DO WE NEED MORE DURABLE WASTE FORMS?

A great deal of effort has been devoted to creating highly durable nuclear waste forms, ranging from borosilicate glasses to crystalline solids, based on the unquestioned assumption that a slow waste-form dissolution rate would effectively limit radionuclide release from a geologic repository. However, we here demonstrate that from the perspective of long-term repository performance this assumption is not entirely valid, and that continued development of incrementally more durable waste forms should be re-evaluated.

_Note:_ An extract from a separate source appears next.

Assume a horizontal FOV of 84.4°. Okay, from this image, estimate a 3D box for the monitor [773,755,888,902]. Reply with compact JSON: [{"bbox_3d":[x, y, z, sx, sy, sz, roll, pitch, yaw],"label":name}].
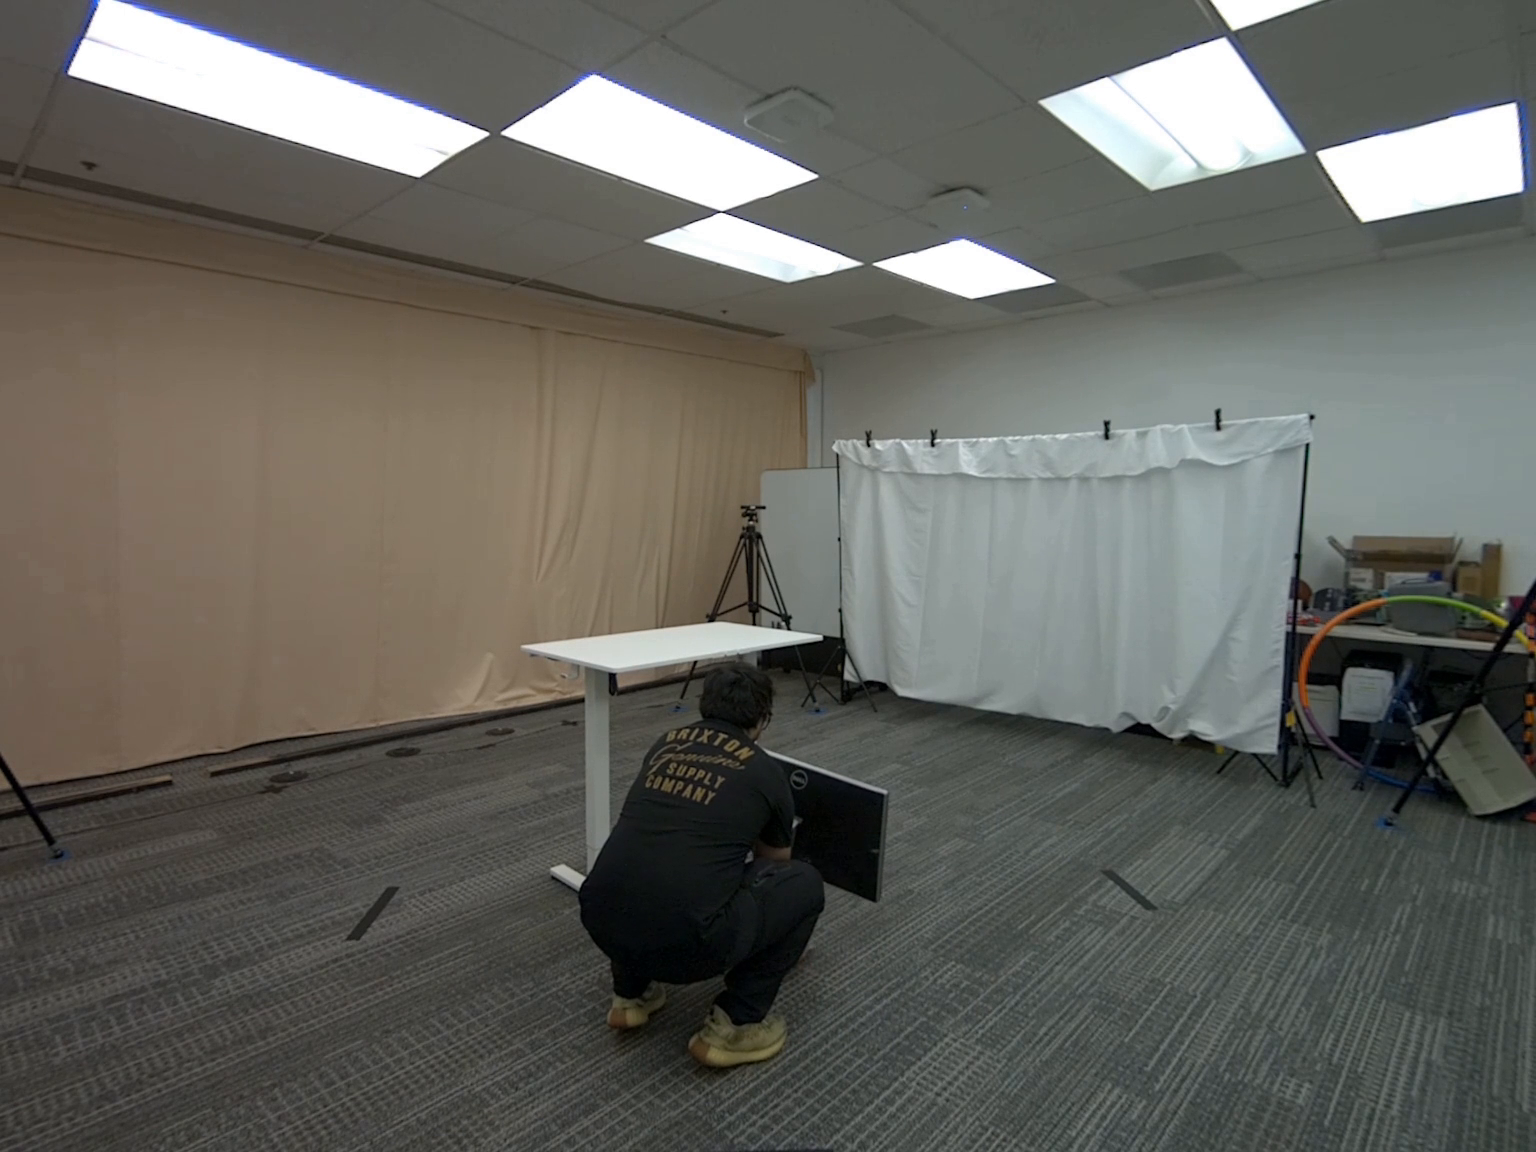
[{"bbox_3d":[0.070,0.854,2.599,0.584,0.552,0.204,11,7,34],"label":"monitor"}]

Radionuclide release from a repository may occur in two stages: stage I, in which the dissolved concentration of a radionuclide has not reached its solubility limit and radionuclide release is controlled by the dissolution rate of the waste form; and stage II, in which the radionuclide concentration has reached the solubility limit imposed by a stable degradation product, at which point radionuclide release becomes independent of the waste-form dissolution rates. Due to high solid/water ratios and slow groundwater flow rates in most proposed repository environments, groundwater contacting waste forms will rapidly (within a few hundred years) reach chemical equilibrium with radionuclide-bearing degradation products. Total release of radionuclides from a repository is thus primarily limited by the solubilities of waste form degradation products, rather than by the dissolution rates of primary waste forms. Therefore, future waste-form development should be increasingly focused on conditioning waste forms and/or repository environments in order to minimize radionuclide solubilities, rather than on striving for marginal improvements in the durability of primary waste forms. The proposed chemical conditioning concept may allow us to design waste forms or backfill materials that include chemical components that can precipitate low-solubility radionuclide-bearing solids that would not form otherwise.

This work was performed at Sandia National Laboratories, which is a multiprogram laboratory operated by Sandia Corporation, a Lockheed-Martin Company, for the DOE under contract DE-AC04-94AL8500.